The results actually indexed here are the elements on the two coordinates (0, 0), (-1, -1). Note that it is not a rectangular area. How to achieve the effect of the above demo? Here we introduce several methods for you to compare and learn.

Method 3: Just pass in the coordinates of the four corners. The whole idea is very similar to Method 1, but the writing is more concise:

# 方法3：分别传入4个角的坐标，请朋友们注意观察传入的2个整数数组的规律
arr_demo01[[0, 0, -1, -1], [0, -1, 0, -1]]
Out: array([ 0,  5, 18, 23])

arr_demo01[[0,0,-1,-1], [0,-1,0,-1]].reshape(2,2)
Out: 
    array([[ 0,  5],
           [18, 23]])

Pay attention and observe that the data obtained in this way is only a one-dimensional array composed of a series of elements, and we need to reshapechange the shape of the data by additional methods.

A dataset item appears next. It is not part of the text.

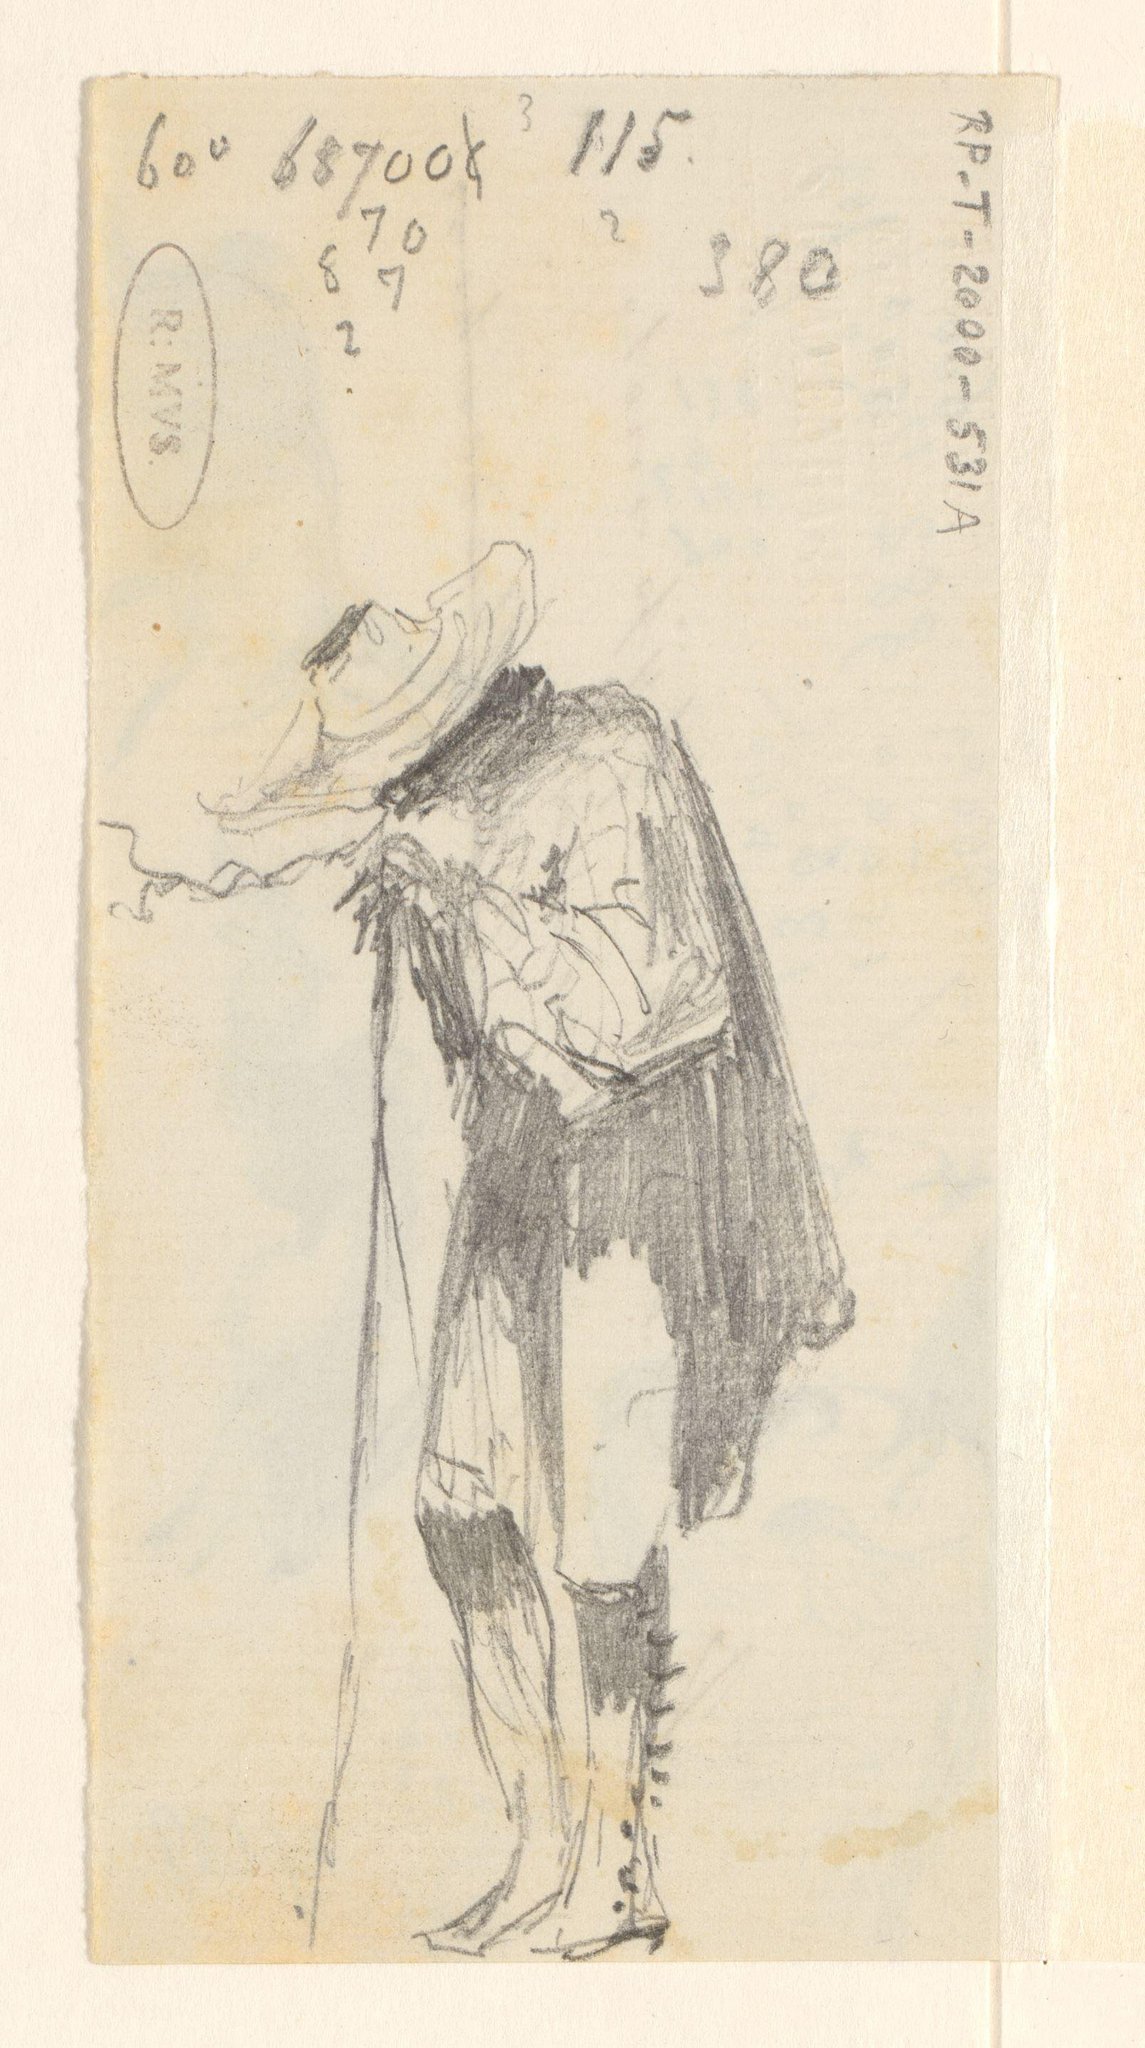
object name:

# 方法4：利用花式索引和切片混用，整体思路和方法2很相似。也是通过连续2次索引，得到一个矩形状的区域
arr_demo01[[0,-1]] [:,[0,-1]]
Out: 
    array([[ 0,  5],
           [18, 23]])

Finally, I will introduce you an indexer, which uses a np.ix_function to convert the two one-dimensional integer arrays passed in into a regional indexer for selecting elements.

# 方法5：利用函数np.ix_，构建矩形索引器：
arr_demo01[np.ix_([0,-1], [0,-1])]
Out: 
    array([[ 0,  5],
           [18, 23]])

4. Summary

This chapter shows friends the "seventy-two changes" of arrays. Using indexing and slicing methods, we can change the structure of the array, extract the elements and set of elements as we like.

Overall, indexes can be divided into 4 types: single integer index, Boolean index, slice index ( Pythonconsistent with the list) and integer array. The more complicated one is the combined index, such as the combination of other indexes and slice indexes. I believe that friends who read the above carefully will be able to master the data index method. In daily study, it is recommended to use this chapter as a reference book like a case, focusing on logical understanding, and just refer to it when you encounter problems, without rote memorization.

Array indexing and slicing are the basic content of the entire data analysis course. In the Pandascontent of the next chapter , we will also encounter the problem of slicing and indexing. By then, you can compare them and deepen your understanding.